La Banque centrale de Russie a déclaré vendredi engager des poursuites judiciaires contre Euroclear, l’institution financière basée à Bruxelles, devant un tribunal de Moscou. Elle reproche à l’établissement de prendre des mesures qui entravent sa capacité à disposer librement de ses fonds et de ses titres.
Dans un communiqué officiel, la Banque de Russie affirme que « les mécanismes d’utilisation directe ou indirecte des avoirs de la Banque de Russie, ainsi que toute autre forme d’utilisation non autorisée, sont illégaux ». Elle invoque notamment une violation du principe d’immunité souveraine des avoirs d’État, reconnu par le droit international.
Un contentieux lié au gel des actifs russes en Europe
Cette annonce intervient dans un contexte européen particulièrement sensible. Les États membres de l’Union européenne doivent se prononcer sur une clause permettant de geler les actifs souverains russes aussi longtemps que nécessaire, sans devoir renouveler ce gel tous les six mois à l’unanimité. Cette évolution vise à éviter un blocage potentiel par des pays prorusses, dont la Hongrie.

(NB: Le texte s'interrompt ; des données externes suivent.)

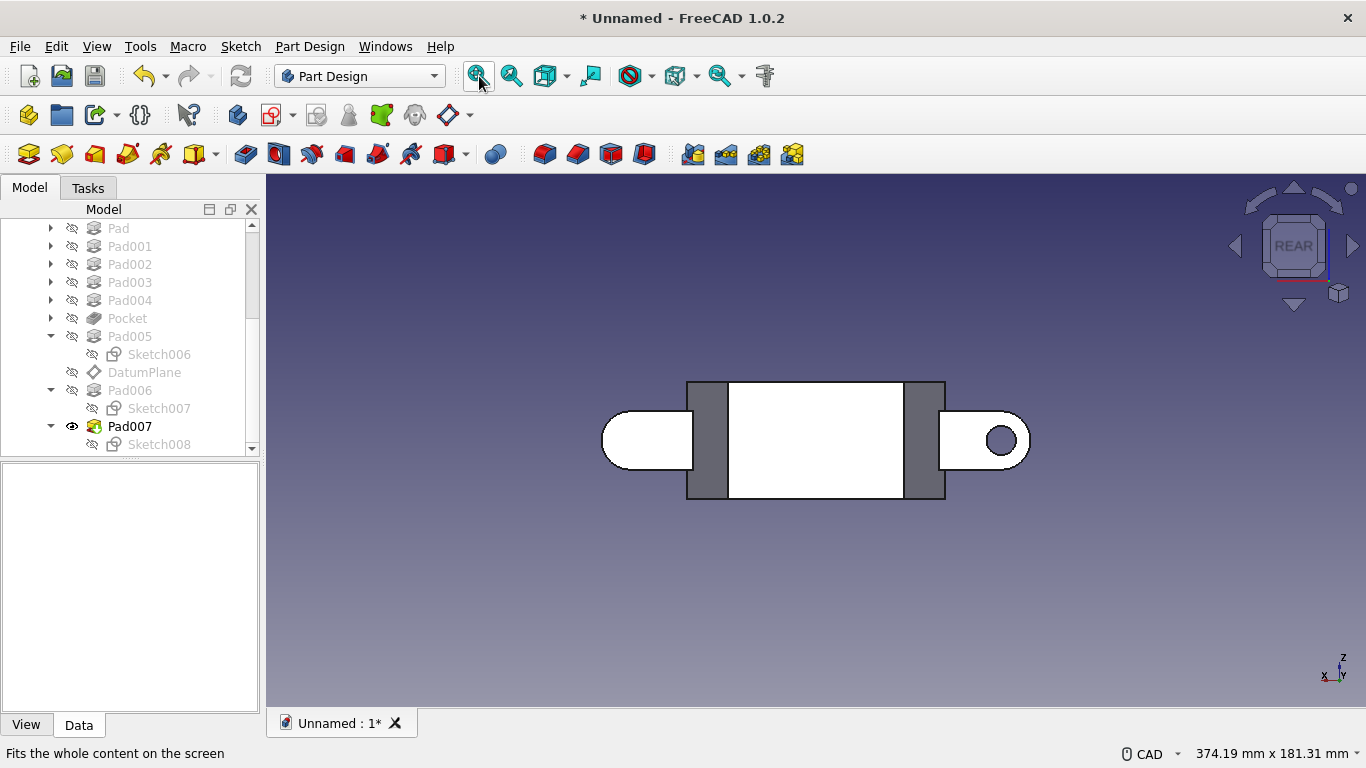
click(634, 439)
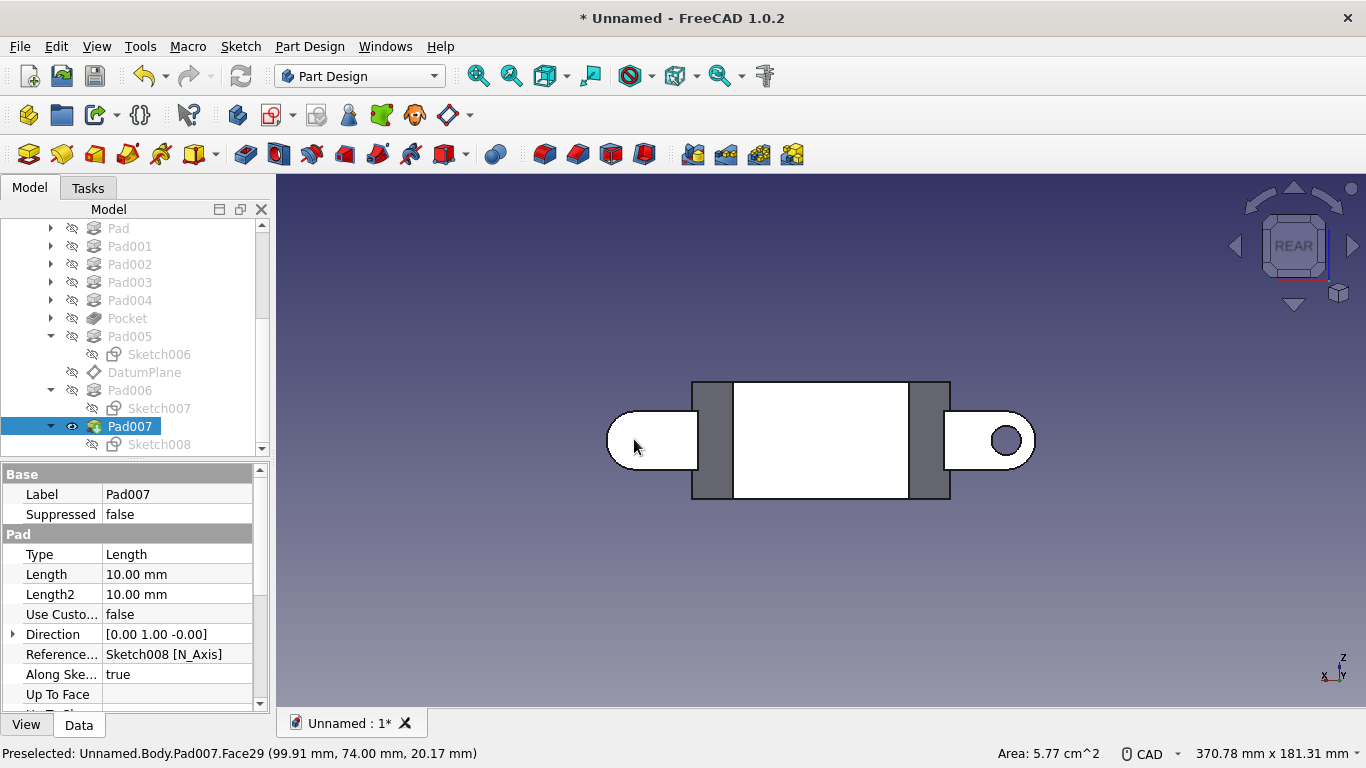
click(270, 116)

Une grande partie des avoirs russes gelés en Europe depuis l’invasion à grande échelle de l’Ukraine par Moscou en février 2022 — environ 140 milliards d’euros — est conservée chez Euroclear. À ce stade, ni l’institution financière, ni la Commission européenne, ni le gouvernement belge n’ont réagi officiellement.
Les options européennes pour financer l’Ukraine
La Banque de Russie fait référence aux propositions présentées le 3 décembre par la Commission européenne afin de répondre aux besoins financiers de l’Ukraine en 2026 et 2027. Deux pistes sont à l’étude.

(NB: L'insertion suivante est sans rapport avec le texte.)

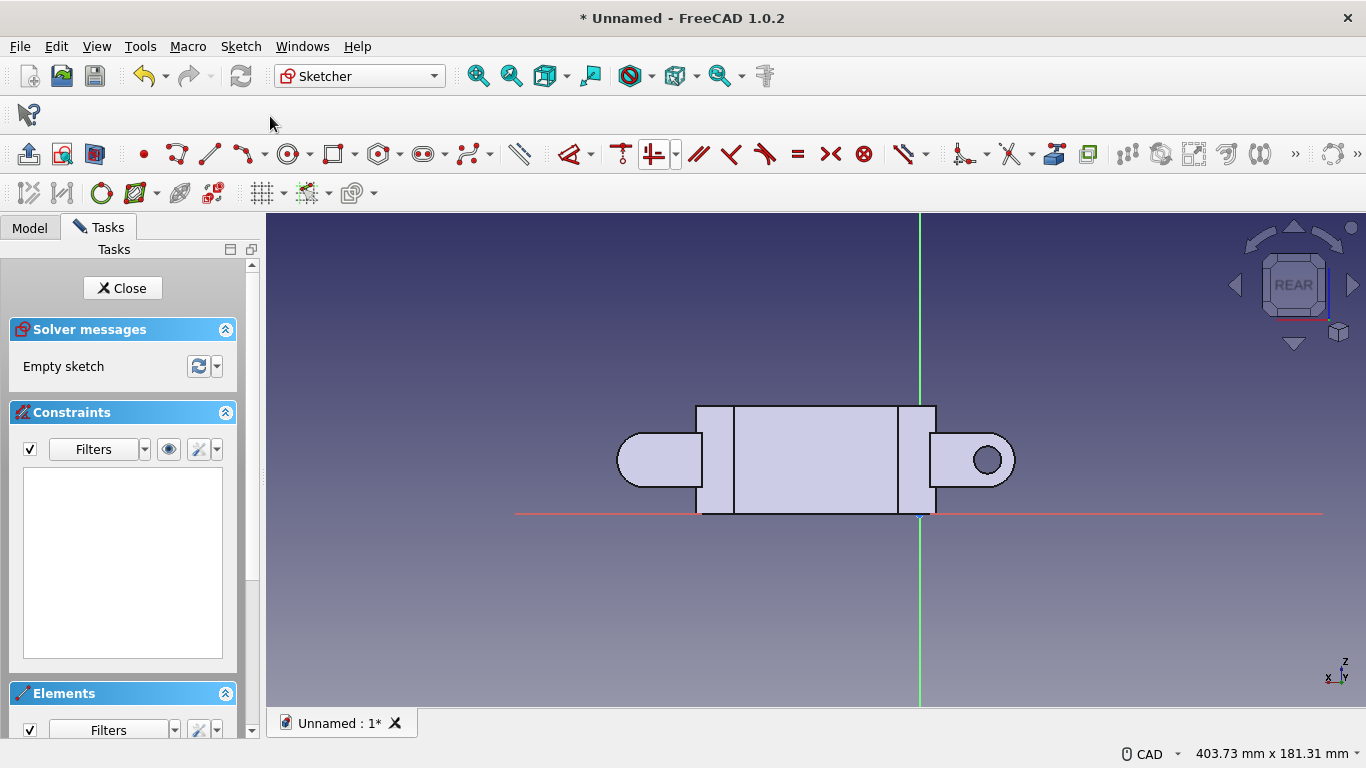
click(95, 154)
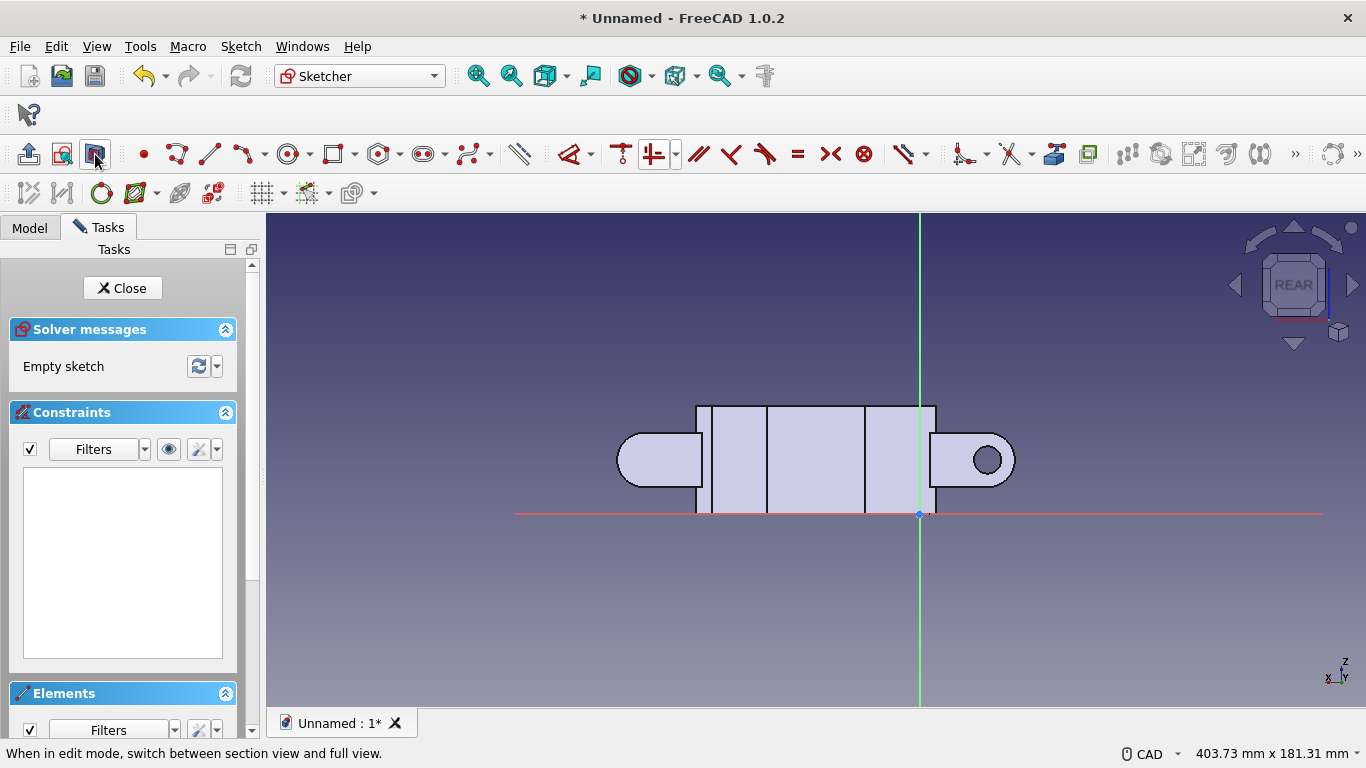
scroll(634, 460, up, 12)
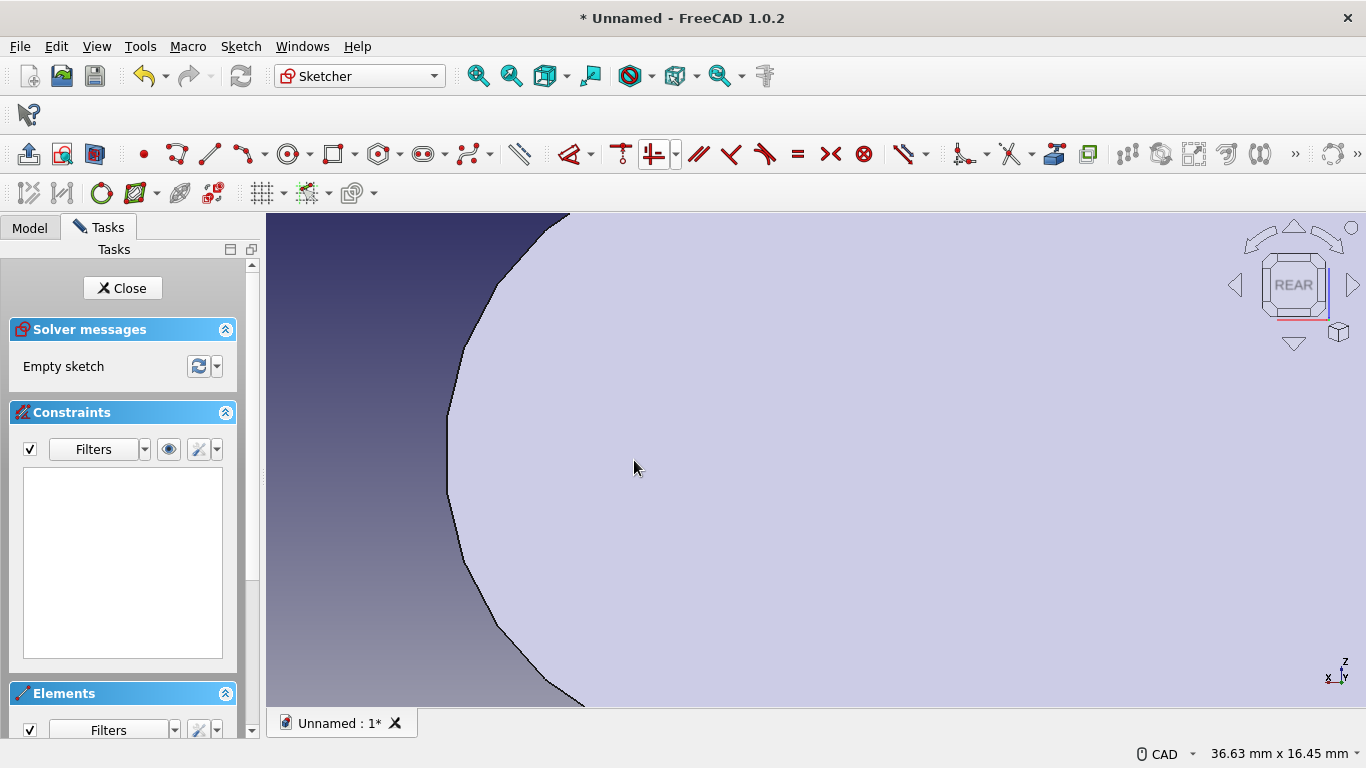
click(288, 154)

La première consiste à emprunter des liquidités auprès des institutions financières de l’UE détenant des actifs souverains russes, afin d’accorder un prêt à l’Ukraine. Kyiv ne serait tenue de rembourser ce prêt que si la Russie versait des réparations. La seconde option repose sur un emprunt communautaire de l’Union européenne.
Le recours à l’article 122 du traité européen
Les propositions de la Commission seront examinées par les chefs d’État et de gouvernement lors du Conseil européen des 18 et 19 décembre à Bruxelles. En attendant, les ambassadeurs des Vingt-Sept espèrent s’accorder sur le recours à l’article 122 du Traité sur le fonctionnement de l’Union européenne.

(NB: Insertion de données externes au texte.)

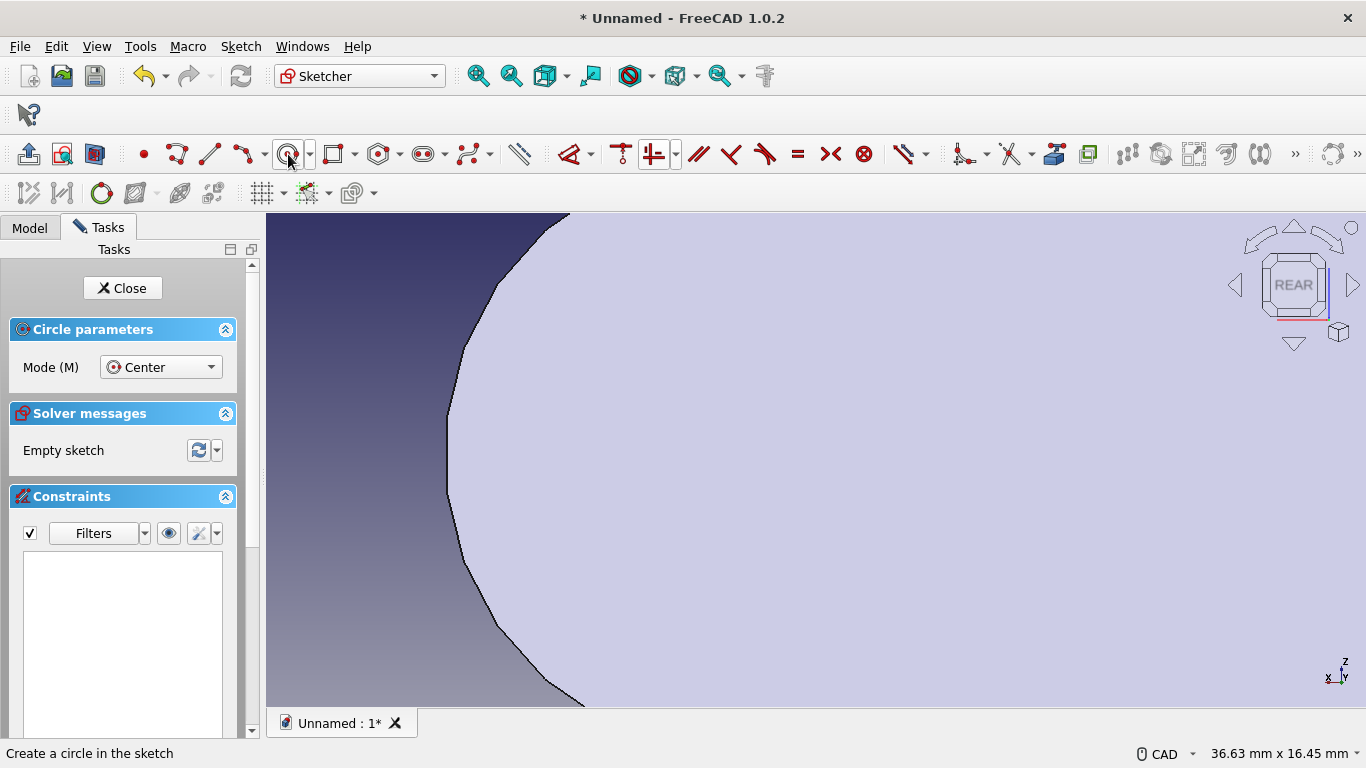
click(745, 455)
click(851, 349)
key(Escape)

Cet article permet l’adoption de mesures économiques d’urgence par un vote à la majorité qualifiée, ouvrant la voie à un gel indéfini des actifs russes, estimés à près de 200 milliards d’euros.
Paris assume un gel prolongé des avoirs russes
Le ministre français des Affaires étrangères, Jean-Noël Barrot, a confirmé cette orientation sur franceinfo :
« Aujourd’hui, les Européens vont décider de priver la Russie des actifs placés en Europe — 200 milliards d’euros — aussi longtemps que nécessaire, jusqu’à ce que la Russie cesse sa guerre d’agression et verse des réparations à l’Ukraine. »
Il a ajouté que les Européens ne souhaitent « laisser personne décider à leur place » et assument le blocage prolongé de ces sommes.
Moscou menace d’une riposte judiciaire internationale
Les autorités russes ont averti à plusieurs reprises que la mise en œuvre d’un « prêt de réparation » entraînerait « la réaction la plus sévère ». La Banque centrale de Russie a confirmé vendredi qu’un tel projet serait contesté devant les tribunaux nationaux, les juridictions d’États étrangers, les organisations internationales, ainsi que les tribunaux arbitraux et autres instances judiciaires internationales.